- 迷云二十天
- Genre: Modern Suspense
- Starring: Li Nanxing Huang Biren Constance Song
- Country of origin: Singapore
- Original language: Chinese
- No. of episodes: 20

Production
- Running time: approx. 45 minutes

Original release
- Network: MediaCorp
- Release: April 3 – April 28, 2006

Related
- Patrol (1989); Beyond the Axis of Truth (2001); True Heroes (2003); The Crime Hunters (2004); Zero to Hero (2005); C.I.D. (2006); Metamorphosis (2007); Crime Busters x 2 (2008); Unriddle (2010); Unriddle 2 (2012); C.L.I.F. (2011); C.L.I.F. 2 (2013); C.L.I.F. 3 (2014); C.L.I.F. 4 (2016); C.L.I.F. 5 (2019);

= The Undisclosed =

The Undisclosed (迷云二十天) is an action-thriller suspense drama produced by Mediacorp TV Channel 8. The drama made its debut on 3 April 2006 in Singapore, and ended its run on 28 April 2006.

This is the first drama Li Nanxing acted in after his divorce with ex-actress Yang Libing.

This drama was ranked 9th on the viewership ratings chart for Year 2006, while Li Nanxing won the Best Actor award in the Star Awards 2006 for his role in this drama.

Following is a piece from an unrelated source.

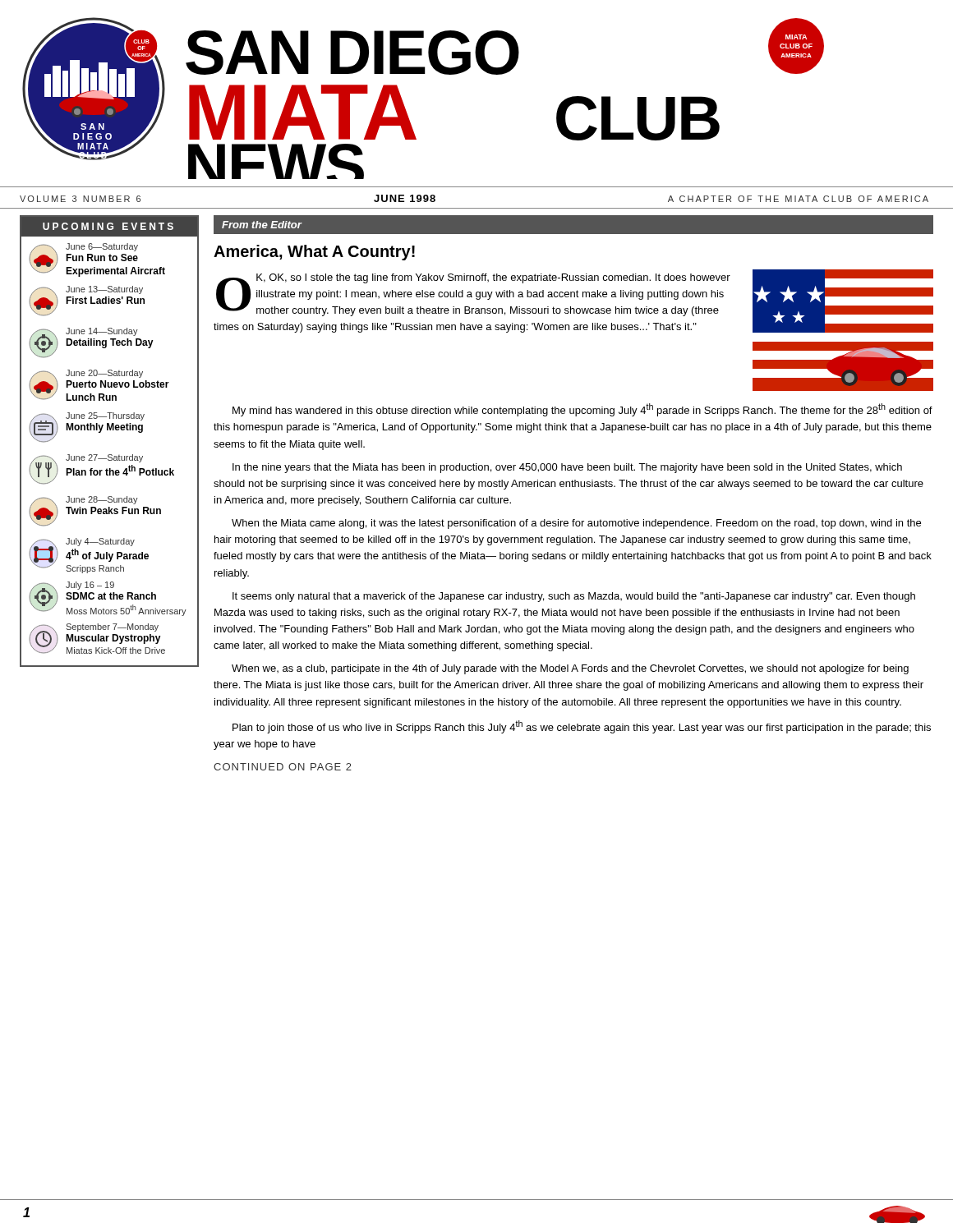Click on the text block with the text "In the nine"

click(569, 483)
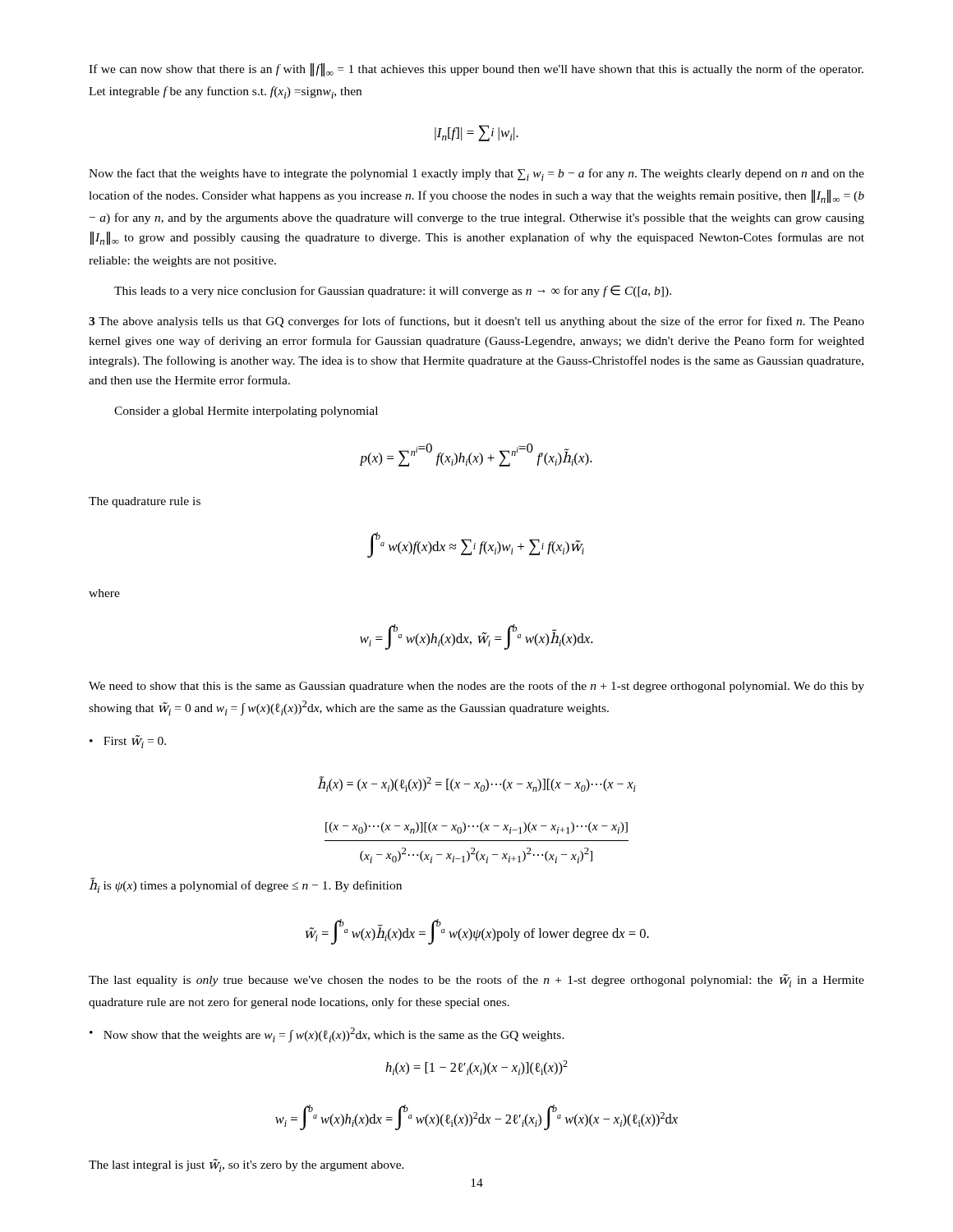
Task: Click on the text block containing "Now the fact that the weights have"
Action: 476,217

The series was repeated from 16 June 2008 at every weekday night, 11pm on MediaCorp TV Channel 8.

==Story==
Carol (Ong Ai Leng), who works in a bank in Hong Kong, returns to Shang City to throw her wedding dinner after her marriage to a Hong Konger, Superintendent Cheng Musheng (Li Nanxing) in Hong Kong. She disappears on the 2nd day of her return after meeting up with her longtime buddy, Rachel (Constance Song). Yan Kexin (Huang Biren), a detective who knew Carol in their university days, volunteers to take on the case and devotes all her time to locate the missing Carol. Meanwhile, Musheng also embark on a relentless search for his fiancée with the help of Rachel.

During the investigation, Kexin discovers that there may be a plot against Carol by her stepmother, Zeng Bixing and her son Zeng Tianci (Andrew Seow), due to a will left behind by Carol's mother. Musheng also discovers that members of a secret society headed by a triad boss Longtou (Zhu Houren), are also looking for Carol. Just then, someone claims to have spotted Carol. Does this mean that Carol is still alive? Why did she pull a disappearing act? Did she concoct and set up her own disappearance and how did she get herself involved with the secret society? How did Longtou always manage to stay a step ahead of police raids? Was CIB compromised? Is there a mole in the police department investigating Carol's disappearance?

The case becomes more intriguing when Carol's dismembered body was discovered. With the combined efforts of Kexin and Musheng, both of them begun to unravel the evil mysteries revolving around Carol's disappearance.

==Cast==

===Main cast===
- Li Nanxing as Cheng Mu Sheng
- Huang Biren as Yan Ke Xin
- Constance Song as Rachel

===Supporting cast===
- Ong Ai Leng as Carol
- Andrew Seow as Zeng Tian Ci
- Zhu Houren as Longtou
- Rayson Tan as CK Chong
- Huang Shinan as Ivan
- Brandon Wong as Raymond
- Kyle Chan as Roy
- Chen Guohua as An-ge
- Weng Xing'ang as Steven

==Awards and nominations==

| Accolade | Award | Nominee | Result |
| Star Awards 2006 Show 2 红星大奖 2006 下半场 | Best Supporting Actor 最佳男配角 | Rayson Tan 陈泰铭 | Nominated |
| Best Actor 最佳男主角 | Li Nanxing 李南星 | Won |

==Trivia==
The style of The Undisclosed has similarities to the American action show, 24.